Red Deck Wins and Mono-Blue Aggro share zero cards. Not even lands. That is because they are different colors, and can't share cards. If you want more variation of that sort, just add more colors. Seriously.
But the number of decks that see top play is not going to go up because you make decks weird or make them synergistic or whatever the fuck. That's an issue for development and play balance. The current team does a much better job of this than previous teams because they have decades of experience and a much larger staff. There's always going to be however many hundreds of trillions of decks you could theoretically make, but most of them are going to be essentially or literally unplayable and the difference in power between one deck or another is going to drive some number of nominally functional decks out of Tier 1.

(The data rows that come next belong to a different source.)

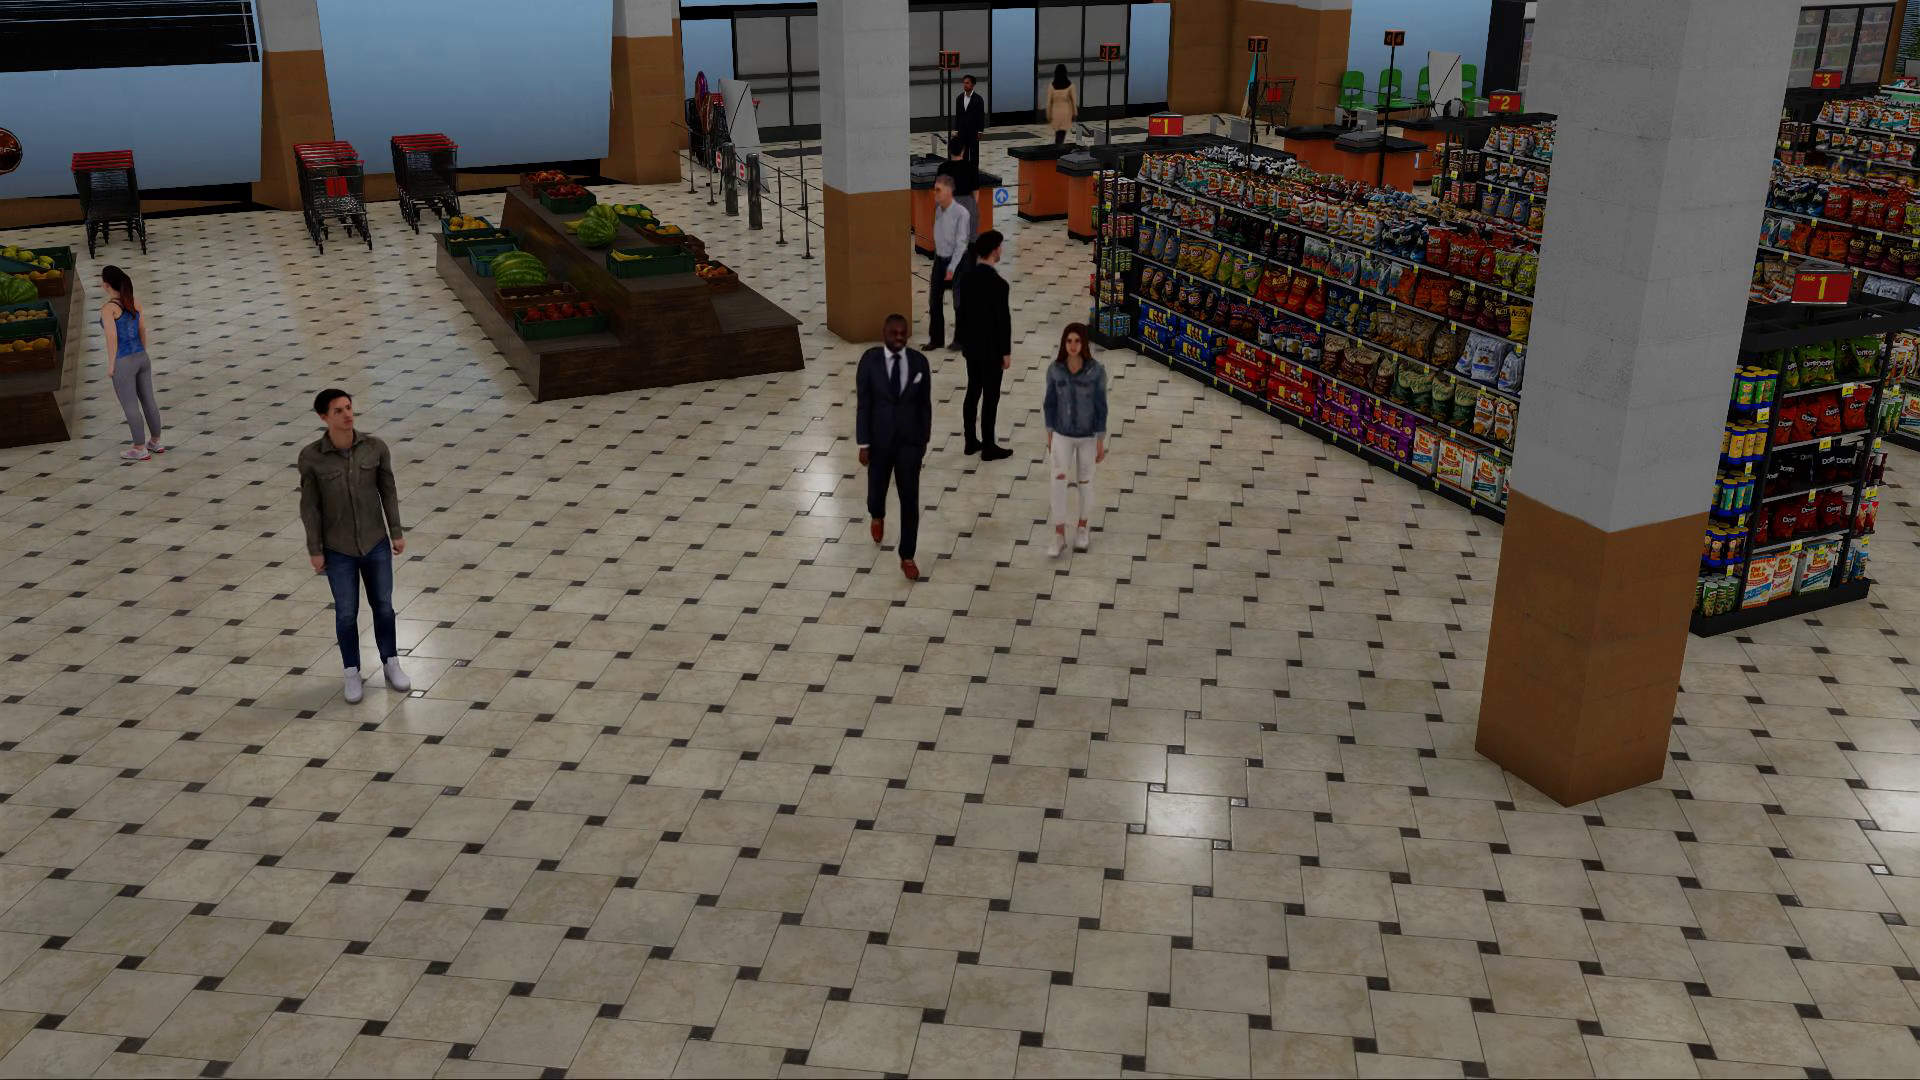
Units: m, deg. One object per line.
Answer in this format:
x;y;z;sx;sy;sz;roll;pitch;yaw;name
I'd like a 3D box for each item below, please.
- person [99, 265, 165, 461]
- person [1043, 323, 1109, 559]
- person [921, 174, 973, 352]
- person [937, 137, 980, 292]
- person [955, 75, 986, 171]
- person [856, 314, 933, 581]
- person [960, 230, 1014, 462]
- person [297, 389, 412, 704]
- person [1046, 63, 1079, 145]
-6.866;-1.471;13.740;0.722;1.610;0.656;7;23;16;person
0.842;-0.738;11.823;0.834;1.678;0.907;4;22;9;person
-0.019;-2.783;16.760;0.867;1.792;0.882;18;28;38;person
-0.017;-3.781;19.291;0.739;1.756;0.732;-3;22;-6;person
0.151;-6.230;25.428;0.663;1.725;0.773;12;25;28;person
-0.481;-0.688;11.543;0.924;1.794;1.193;-3;22;-6;person
0.198;-1.595;13.673;0.824;1.889;0.660;-18;28;-38;person
-3.530;0.009;9.712;0.729;1.866;0.613;-13;25;-29;person
1.647;-6.884;27.182;1.062;1.632;1.156;6;23;15;person

The number of cards that see top play is simply the number of decks that see top play times the number of different cards that those decks use. Which means obviously that if that's your concern you should be encouraging decks like Boros Midrange that use a lot of different cards and discouraging decks like Nexus Turbofog that don't.
And yes, I have read up on the period you keep wanking to. There's a Throwback Gauntlet that lists Nine Decks from that two year period. All I can say is: "Meh." We could make a bigger and deeper gauntlet from major Tier 1 Decks from February of 2019 than WotC managed to highlight from that two year period.
- Sultai Midrange
- Izzet Drakes
- Boros Angels
- Judith Priest
- Nexus Turbofog
- Five Color Gates
- Red Deck Wins
- White Weenies
- Mono Blue Tempest
- Jeskai Control
- Esper Control
- Temur "Pod" Rhythm
- Selesnya "Twin" Tokens
You're wrong about the history and you're wrong about the theory.